Oireachtas Joint and Select Committees

Wednesday, 11 July 2018

Joint Oireachtas Committee on Communications, Climate Action and Environment

Illegal Dumping: Discussion

1:30 pm

Mr. Gerard O'Leary:

I will be happy to answer questions afterwards.

We welcomed the "RTÉ Investigates" programme. From an EPA point of view, it highlighted some of the challenges we face in regulating the waste sector. There are other regulators in the area and I have detailed those in our paper.

We have concerns about the waste sector. While I have pointed to some successes we have had in regulating the sector and the 200-odd activities we regulate, many of the successes have been achieved by dragging companies through the courts system. We do not see the sector coming voluntarily. I suppose I am comparing it to other sectors. We did a review between 2009 and 2013. A total of 40% of our prosecutions were in the waste sector. Regarding the total activities we regulate, between waste and industry, we regulate approximately 800, 200 of which are in the waste sector, so the committee can see that a lot of time is consumed by one sector compared to the other 600.

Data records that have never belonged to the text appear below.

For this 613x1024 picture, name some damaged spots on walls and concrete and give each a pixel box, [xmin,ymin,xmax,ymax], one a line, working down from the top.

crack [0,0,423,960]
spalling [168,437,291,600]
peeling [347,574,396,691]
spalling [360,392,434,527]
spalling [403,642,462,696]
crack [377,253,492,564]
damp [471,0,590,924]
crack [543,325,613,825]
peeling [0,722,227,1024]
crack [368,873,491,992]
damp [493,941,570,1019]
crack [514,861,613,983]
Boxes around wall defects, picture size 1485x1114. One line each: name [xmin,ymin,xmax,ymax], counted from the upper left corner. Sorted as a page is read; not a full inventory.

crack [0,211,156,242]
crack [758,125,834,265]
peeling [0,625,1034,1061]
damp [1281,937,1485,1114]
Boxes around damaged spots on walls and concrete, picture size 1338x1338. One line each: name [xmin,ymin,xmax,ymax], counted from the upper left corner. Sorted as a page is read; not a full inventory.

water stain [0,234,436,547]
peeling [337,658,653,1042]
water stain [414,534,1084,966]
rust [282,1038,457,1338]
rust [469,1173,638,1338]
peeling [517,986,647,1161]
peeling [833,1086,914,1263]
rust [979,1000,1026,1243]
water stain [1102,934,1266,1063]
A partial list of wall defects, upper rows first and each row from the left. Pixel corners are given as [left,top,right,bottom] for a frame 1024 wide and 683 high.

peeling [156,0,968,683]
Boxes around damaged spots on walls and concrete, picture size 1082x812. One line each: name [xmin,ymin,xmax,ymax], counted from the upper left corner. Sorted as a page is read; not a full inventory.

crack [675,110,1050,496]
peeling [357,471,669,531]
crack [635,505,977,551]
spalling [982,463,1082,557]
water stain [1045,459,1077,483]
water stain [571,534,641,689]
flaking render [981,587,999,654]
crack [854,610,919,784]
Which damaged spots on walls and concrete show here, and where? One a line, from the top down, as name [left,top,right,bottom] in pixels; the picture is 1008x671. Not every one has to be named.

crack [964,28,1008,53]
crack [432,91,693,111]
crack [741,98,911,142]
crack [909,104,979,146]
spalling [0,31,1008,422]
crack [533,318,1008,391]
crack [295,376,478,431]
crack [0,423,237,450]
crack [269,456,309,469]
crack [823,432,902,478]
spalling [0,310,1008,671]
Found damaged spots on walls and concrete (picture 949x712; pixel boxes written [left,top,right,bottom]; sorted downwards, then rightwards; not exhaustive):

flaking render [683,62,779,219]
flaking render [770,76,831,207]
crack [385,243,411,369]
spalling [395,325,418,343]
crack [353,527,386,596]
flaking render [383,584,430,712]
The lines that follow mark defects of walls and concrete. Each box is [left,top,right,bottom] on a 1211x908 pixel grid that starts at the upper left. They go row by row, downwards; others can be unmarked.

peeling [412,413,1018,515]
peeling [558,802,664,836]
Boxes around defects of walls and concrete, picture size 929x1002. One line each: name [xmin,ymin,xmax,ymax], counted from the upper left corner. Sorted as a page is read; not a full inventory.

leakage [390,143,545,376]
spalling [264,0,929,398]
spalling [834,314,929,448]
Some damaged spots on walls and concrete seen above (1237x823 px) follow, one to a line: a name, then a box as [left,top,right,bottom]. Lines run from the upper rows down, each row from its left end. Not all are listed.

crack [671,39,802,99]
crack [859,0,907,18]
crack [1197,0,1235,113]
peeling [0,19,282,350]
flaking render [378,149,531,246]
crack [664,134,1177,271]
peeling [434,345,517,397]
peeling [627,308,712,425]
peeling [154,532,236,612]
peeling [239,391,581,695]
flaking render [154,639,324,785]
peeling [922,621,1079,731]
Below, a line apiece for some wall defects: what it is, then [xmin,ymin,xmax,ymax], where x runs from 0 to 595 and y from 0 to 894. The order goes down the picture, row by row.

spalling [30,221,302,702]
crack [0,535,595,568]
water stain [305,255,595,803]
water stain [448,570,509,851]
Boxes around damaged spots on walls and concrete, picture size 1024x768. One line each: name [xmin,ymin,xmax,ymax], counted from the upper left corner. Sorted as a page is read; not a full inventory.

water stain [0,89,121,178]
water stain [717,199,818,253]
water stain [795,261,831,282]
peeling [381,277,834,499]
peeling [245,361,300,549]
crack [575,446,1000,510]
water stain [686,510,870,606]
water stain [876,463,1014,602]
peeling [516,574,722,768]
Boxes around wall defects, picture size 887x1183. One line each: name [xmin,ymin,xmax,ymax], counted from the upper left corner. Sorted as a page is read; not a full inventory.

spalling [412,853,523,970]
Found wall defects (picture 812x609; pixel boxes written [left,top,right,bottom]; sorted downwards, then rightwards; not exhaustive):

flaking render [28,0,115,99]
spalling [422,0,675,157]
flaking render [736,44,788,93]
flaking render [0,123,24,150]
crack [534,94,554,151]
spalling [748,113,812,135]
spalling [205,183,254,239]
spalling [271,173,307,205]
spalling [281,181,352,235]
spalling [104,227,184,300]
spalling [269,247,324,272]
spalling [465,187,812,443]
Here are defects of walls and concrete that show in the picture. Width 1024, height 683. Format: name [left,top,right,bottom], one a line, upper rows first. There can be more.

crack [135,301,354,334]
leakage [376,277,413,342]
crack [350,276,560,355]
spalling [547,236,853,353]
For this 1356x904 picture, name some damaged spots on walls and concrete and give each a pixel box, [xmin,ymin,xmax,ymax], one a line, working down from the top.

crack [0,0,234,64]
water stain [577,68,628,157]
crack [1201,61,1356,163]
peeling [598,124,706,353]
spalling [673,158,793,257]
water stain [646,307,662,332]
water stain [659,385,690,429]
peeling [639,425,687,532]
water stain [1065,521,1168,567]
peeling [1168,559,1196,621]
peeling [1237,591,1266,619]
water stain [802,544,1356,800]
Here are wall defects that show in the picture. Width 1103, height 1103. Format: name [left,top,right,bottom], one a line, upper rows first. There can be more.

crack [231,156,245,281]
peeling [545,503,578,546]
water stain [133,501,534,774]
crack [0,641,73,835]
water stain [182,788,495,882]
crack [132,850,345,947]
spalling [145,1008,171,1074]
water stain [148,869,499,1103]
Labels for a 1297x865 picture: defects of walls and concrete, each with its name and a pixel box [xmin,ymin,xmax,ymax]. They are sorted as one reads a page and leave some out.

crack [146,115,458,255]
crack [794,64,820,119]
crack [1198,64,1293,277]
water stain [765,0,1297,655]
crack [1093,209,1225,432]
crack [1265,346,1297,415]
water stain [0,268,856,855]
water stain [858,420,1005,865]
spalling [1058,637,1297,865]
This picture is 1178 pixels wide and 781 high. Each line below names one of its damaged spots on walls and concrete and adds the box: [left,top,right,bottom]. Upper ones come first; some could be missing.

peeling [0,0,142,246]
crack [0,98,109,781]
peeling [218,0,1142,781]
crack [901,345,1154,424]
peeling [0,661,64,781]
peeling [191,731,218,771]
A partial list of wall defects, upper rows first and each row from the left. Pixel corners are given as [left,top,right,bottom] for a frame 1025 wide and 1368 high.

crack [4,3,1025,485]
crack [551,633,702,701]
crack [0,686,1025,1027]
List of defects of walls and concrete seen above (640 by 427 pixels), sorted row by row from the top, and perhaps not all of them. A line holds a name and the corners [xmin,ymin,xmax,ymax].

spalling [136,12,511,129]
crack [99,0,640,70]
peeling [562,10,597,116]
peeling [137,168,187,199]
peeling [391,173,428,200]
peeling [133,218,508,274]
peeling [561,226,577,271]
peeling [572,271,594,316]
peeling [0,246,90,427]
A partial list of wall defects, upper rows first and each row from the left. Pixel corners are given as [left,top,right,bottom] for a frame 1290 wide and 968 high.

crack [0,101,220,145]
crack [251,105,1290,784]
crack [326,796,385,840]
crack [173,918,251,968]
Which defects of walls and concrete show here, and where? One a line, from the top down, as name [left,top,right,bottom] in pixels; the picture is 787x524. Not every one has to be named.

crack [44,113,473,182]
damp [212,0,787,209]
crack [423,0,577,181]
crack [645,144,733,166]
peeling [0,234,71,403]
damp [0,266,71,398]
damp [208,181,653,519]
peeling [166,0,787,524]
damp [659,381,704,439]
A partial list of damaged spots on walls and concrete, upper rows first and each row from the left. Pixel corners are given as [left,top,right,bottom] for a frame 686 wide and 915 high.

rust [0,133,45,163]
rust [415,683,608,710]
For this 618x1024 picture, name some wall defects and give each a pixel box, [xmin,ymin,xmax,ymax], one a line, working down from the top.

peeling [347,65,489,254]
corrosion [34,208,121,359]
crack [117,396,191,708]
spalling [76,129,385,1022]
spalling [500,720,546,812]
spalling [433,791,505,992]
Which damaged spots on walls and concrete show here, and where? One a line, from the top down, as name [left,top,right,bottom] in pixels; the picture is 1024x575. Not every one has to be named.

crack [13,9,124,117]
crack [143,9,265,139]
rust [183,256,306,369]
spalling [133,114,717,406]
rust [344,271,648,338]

I cannot recall any other sector that we regulate that has changed so dramatically in the past number of years. Essentially, we now regulate the private sector. We have had to evolve some of our enforcement strategies over the years. I will discuss one of the changes we made two years ago, which, again, has been successful. Across the 800 activities we regulate, we have five regions. We used to be all paper but we are now all electronic and, therefore, we get intelligence much faster than was the case previously. Every three months, we publish on our website the list of activities that are not just regulated by local offices but involve national enforcement. That involves all sections of the EPA in trying to bring what is a small cohort back into compliance. We will publish again next month because the three months are up. The small cohort within the waste sector has featured on those national priority lists so it is something we will publish every three months. Of the activities on the national list, approximately half of them have been prosecuted. We are bringing the most non-compliant activities to the surface and adopting a national approach.

The third issue, which I touched upon and which was featured in the programme, is the fact that we have published three reports on the performance of local authorities with regard to their environmental functions. While the programme focused solely on waste, we cover air and water activities. In the first report we published in 2014, we determined that approximately one third of local authorities' performance in waste enforcement was poor. At that stage, we had pressed for something that was in an earlier Government policy statement in 2012, namely, the establishment of three lead local authorities that would support local authorities. Thankfully, they are now in place. While we can see an improvement in 2017, I do not want to suggest to the committee that just because of the establishment of these lead local authorities, everything will be solved but it is a step in the right direction.